Covid-19: Pesquisadores da UFRN recomendam retomada de aulas presenciais na rede pública do RN

Escola Estadual Professora Judith Bezerra de Melo, em Natal. — Foto: Ayrton Freire/Inter TV Cabugi
Escola Estadual Professora Judith Bezerra de Melo, em Natal. — Foto: Ayrton Freire/Inter TV Cabugi

Em relatório publicado no sábado (17), pesquisadores do Laboratório de Inovação Tecnológica e Saúde (Lais) da Universidade Federal do Rio Grande do Norte (UFRN) recomendaram a retomada das atividades escolares da rede pública de ensino, em todo o estado, de forma híbrida – com aulas presenciais e à distância.

Seis das sete recomendações no documento, que fez uma análise do cenário da pandemia no Rio Grande do Norte após o feriado da Semana Santa, estão relacionadas à estruturação das escolas e volta às aulas. Para os pesquisadores, o retorno das atividades rede pública de ensino em formato híbrido é possível, desde que ocorra de forma faseada, “baseando-se nos indicadores epidemiológicos e assistenciais”.

As aulas do setor público e privado foram suspensas em março de 2020, no início da pandemia da Covid-19. As escolas privadas voltaram a abrir em Natal e outras cidades potiguares em setembro do ano passado – com aulas em formato híbrido – porém, a rede pública ainda não retomou as atividades.

O Ministério Público entrou com ação na Justiça, em abril, pedindo a retomada das aulas na rede pública e que o serviço seja o “primeiro a abrir e último a fechar” caso necessárias medidas de contenção à pandemia. Já o secretário de educação do estado, Getúlio Marques, afirmou que as aulas serão retomadas quando houver recomendação do comitê científico do estado.

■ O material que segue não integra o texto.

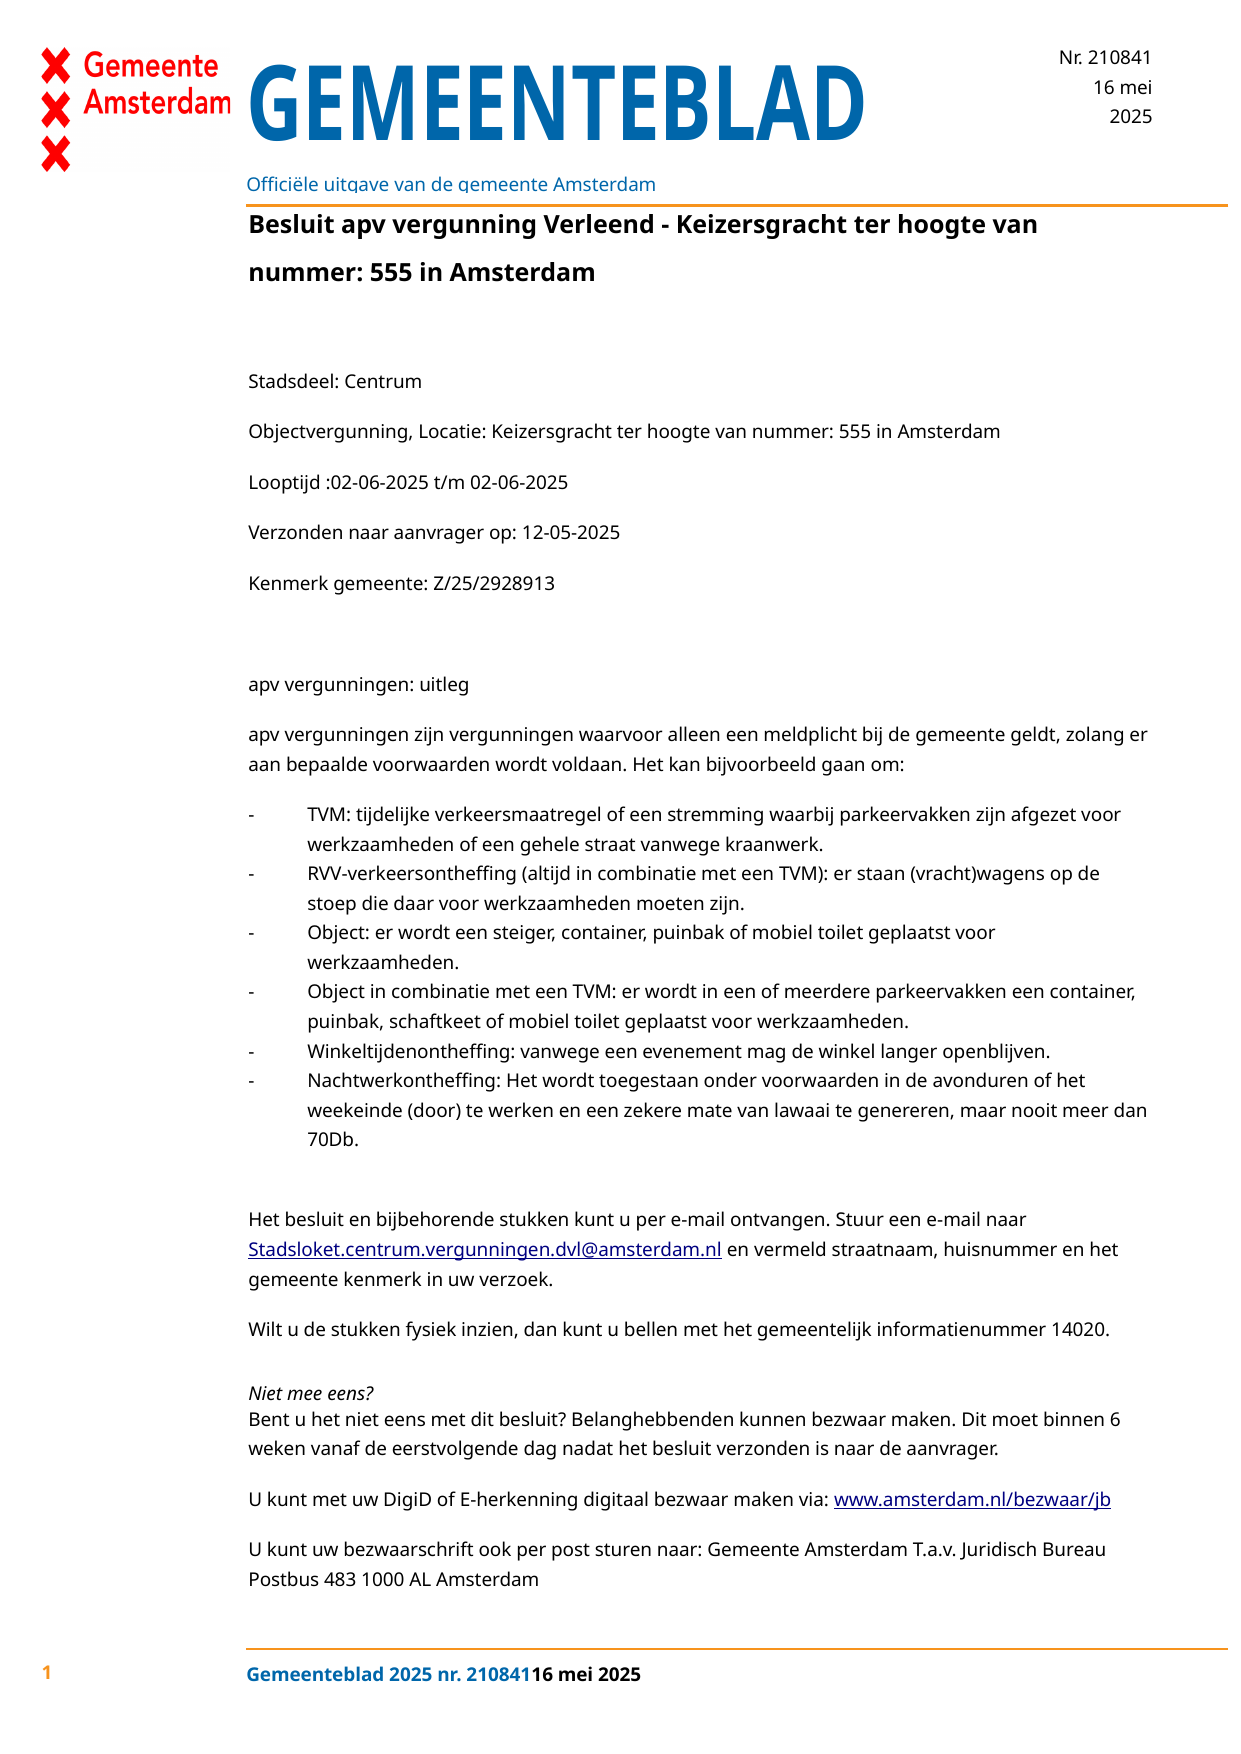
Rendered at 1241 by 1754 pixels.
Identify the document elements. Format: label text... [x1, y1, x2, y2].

text Niet mee eens? [248, 1380, 1152, 1406]
picture [41, 47, 231, 172]
list Object: er wordt een steiger, container, puinbak of mobiel toilet geplaatst voor werkzaamheden. [248, 919, 1152, 975]
list RVV-verkeersontheffing (altijd in combinatie met een TVM): er staan (vracht)wagens op de stoep die daar voor werkzaamheden moeten zijn. [248, 860, 1152, 916]
text Besluit apv vergunning Verleend - Keizersgracht ter hoogte van nummer: 555 in Amsterdam [248, 207, 1152, 288]
text Looptijd :02-06-2025 t/m 02-06-2025 [248, 469, 1152, 495]
text Verzonden naar aanvrager op: 12-05-2025 [248, 519, 1152, 545]
list Nachtwerkontheffing: Het wordt toegestaan onder voorwaarden in de avonduren of het weekeinde (door) te werken en een zekere mate van lawaai te genereren, maar nooit meer dan 70Db. [248, 1067, 1152, 1152]
list Winkeltijdenontheffing: vanwege een evenement mag de winkel langer openblijven. [248, 1038, 1152, 1064]
text Wilt u de stukken fysiek inzien, dan kunt u bellen met het gemeentelijk informatienummer 14020. [248, 1316, 1152, 1342]
list Object in combinatie met een TVM: er wordt in een of meerdere parkeervakken een container, puinbak, schaftkeet of mobiel toilet geplaatst voor werkzaamheden. [248, 979, 1152, 1034]
text Objectvergunning, Locatie: Keizersgracht ter hoogte van nummer: 555 in Amsterdam [248, 419, 1152, 444]
text apv vergunningen: uitleg [248, 671, 1152, 697]
list TVM: tijdelijke verkeersmaatregel of een stremming waarbij parkeervakken zijn afgezet voor werkzaamheden of een gehele straat vanwege kraanwerk. [248, 801, 1152, 857]
text Kenmerk gemeente: Z/25/2928913 [248, 570, 1152, 596]
text Het besluit en bijbehorende stukken kunt u per e-mail ontvangen. Stuur een e-mail naar Stadsloket.centrum.vergunningen.dvl@amsterdam.nl en vermeld straatnaam, huisnummer en het gemeente kenmerk in uw verzoek. [248, 1207, 1152, 1292]
text apv vergunningen zijn vergunningen waarvoor alleen een meldplicht bij de gemeente geldt, zolang er aan bepaalde voorwaarden wordt voldaan. Het kan bijvoorbeeld gaan om: [248, 721, 1152, 777]
text U kunt uw bezwaarschrift ook per post sturen naar: Gemeente Amsterdam T.a.v. Juridisch Bureau Postbus 483 1000 AL Amsterdam [248, 1536, 1152, 1592]
text Stadsdeel: Centrum [248, 368, 1152, 394]
text Bent u het niet eens met dit besluit? Belanghebbenden kunnen bezwaar maken. Dit moet binnen 6 weken vanaf de eerstvolgende dag nadat het besluit verzonden is naar de aanvrager. [248, 1406, 1152, 1461]
text U kunt met uw DigiD of E-herkenning digitaal bezwaar maken via: www.amsterdam.nl/bezwaar/jb [248, 1486, 1152, 1512]

Embora considerem que o cenário ainda seja crítico, os pesquisadores – parte deles membros do comitê científico estadual – apontam que a educação pública foi o setor mais afetado por não ter feito nenhuma retomada ao longo de 13 meses. Além disso, afirmaram que a situação causou maior vulnerabilidade de crianças e adolescentes.

relatório recomenda também que as escolas devem estar estruturadas segundo protocolos estabelecidos pelas autoridades sanitárias estaduais e locais. Outra recomendação é que haja garantia de condições para que o professor possa dar aulas em formato híbrido.

“É essencial que a sociedade, as empresas, os poderes constituídos e, em especial, os órgãos de fiscalização e de controle cobrem do Ministério da Educação, da Secretaria de Educação do Estado e das Secretarias de Educação dos Municípios a previsão orçamentária adequada e o aporte dos recursos financeiros suficientes para que existam as condições necessárias para oferta do ensino seguro nas escolas públicas, de modo que formatos alternativos de ensino possam ser desenvolvidos e implementados”.